Alan Ralph Osmond (born June 22, 1949) was a member of the family musical group The Osmonds.

Life and career[edit]

Osmond was born in Ogden, Utah, United States, the son of Olive May (née Davis) and George Virl Osmond. He was the oldest of the seven siblings who could sing, as the two oldest brothers, Virl and Tom, are hearing impaired although Tom is currently under treatment. During much of the Osmonds' career, Alan was the leader of the group, playing piano, guitar, co-writing many of their songs and arranging the dance choreography.[1] He has now retired from performing.

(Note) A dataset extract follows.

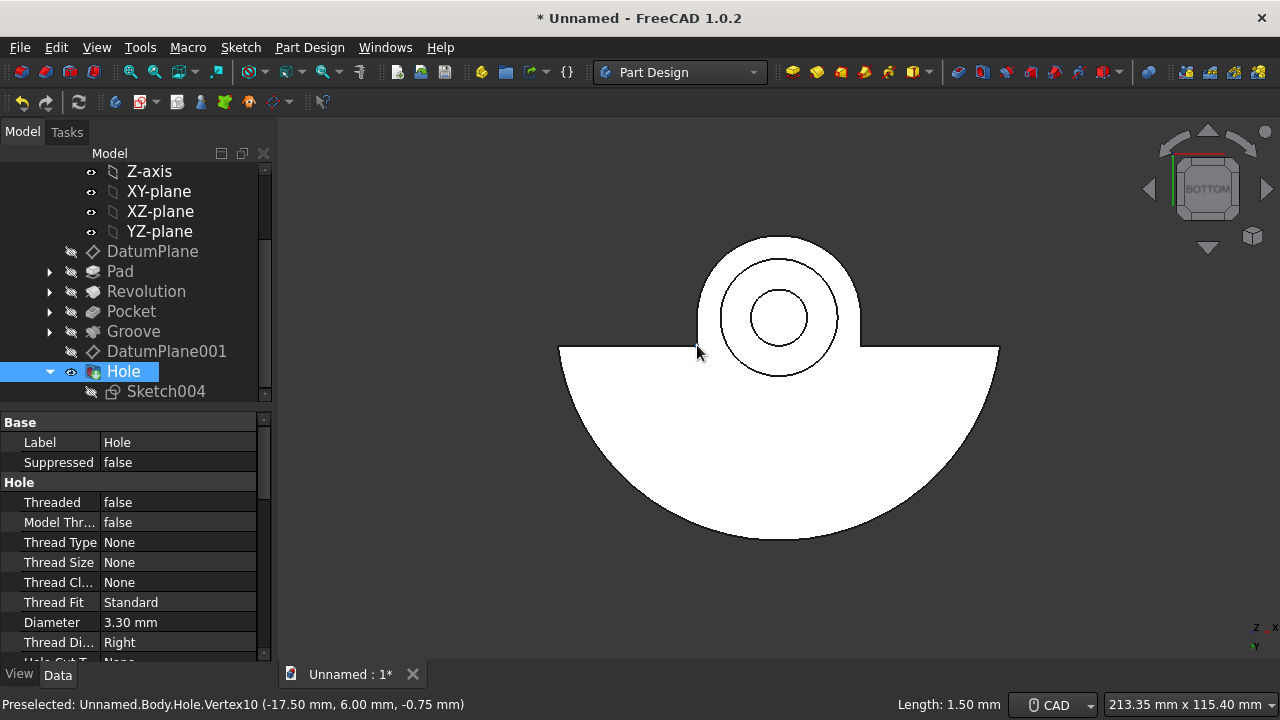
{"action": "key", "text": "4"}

Four of the Osmonds were cast over a seven-year period on NBC's The Andy Williams Show. They also appeared in nine episodes of the 1963-1964 ABC western television series, The Travels of Jaimie McPheeters, with Alan in the role of young Micah Kissel. The series starred then 12-year-old Kurt Russell on a wagon train headed to the American West.[2]

Personal life[edit]

Osmond dated the Carpenters' lead singer, Karen Carpenter. He later married Suzanne Pinegar on July 16, 1974. He and Suzanne have eight sons, who perform as the Osmond Brothers Second Generation: Michael Alan (1975); Nathan George (1977); Douglas Kenneth (1978); David Levi (1979); Scott Merrill (1981); Jonathon Pinegar (1983); Alexander Thomas (1988); and Tyler James (1990). Alan, like all the Osmond's, is a devout Mormon; seven of his sons have served Mormon missions, and the youngest son Tyler did not serve.[citation needed]

Alan has multiple sclerosis.[3] His son, David Osmond, lead singer of the group Osmonds 2nd Generation, who also has multiple sclerosis, participated in the eighth season of American Idol on January 28, 2009 with a pass to Hollywood.[4] However, due to laryngitis, he was not able to make it past Hollywood week.

In 2000, Alan Osmond received the Dorothy Corwin Spirit of Life Award from the National Multiple Sclerosis Society. In his acceptance speech, he stated that he had done some time in the military and that he had taken karate lessons from Chuck Norris, both of which reinforced the "you can do it" attitude that he learned from his father. His motto is, "I may have MS, but MS does NOT have me!" He currently runs the OneHeart Foundation and also works as a motivational speaker.[5]

Military service[edit]

Alan enlisted in the California National Guard in the late 1960s. He served at Fort Ord in northern California in the 144th Artillery.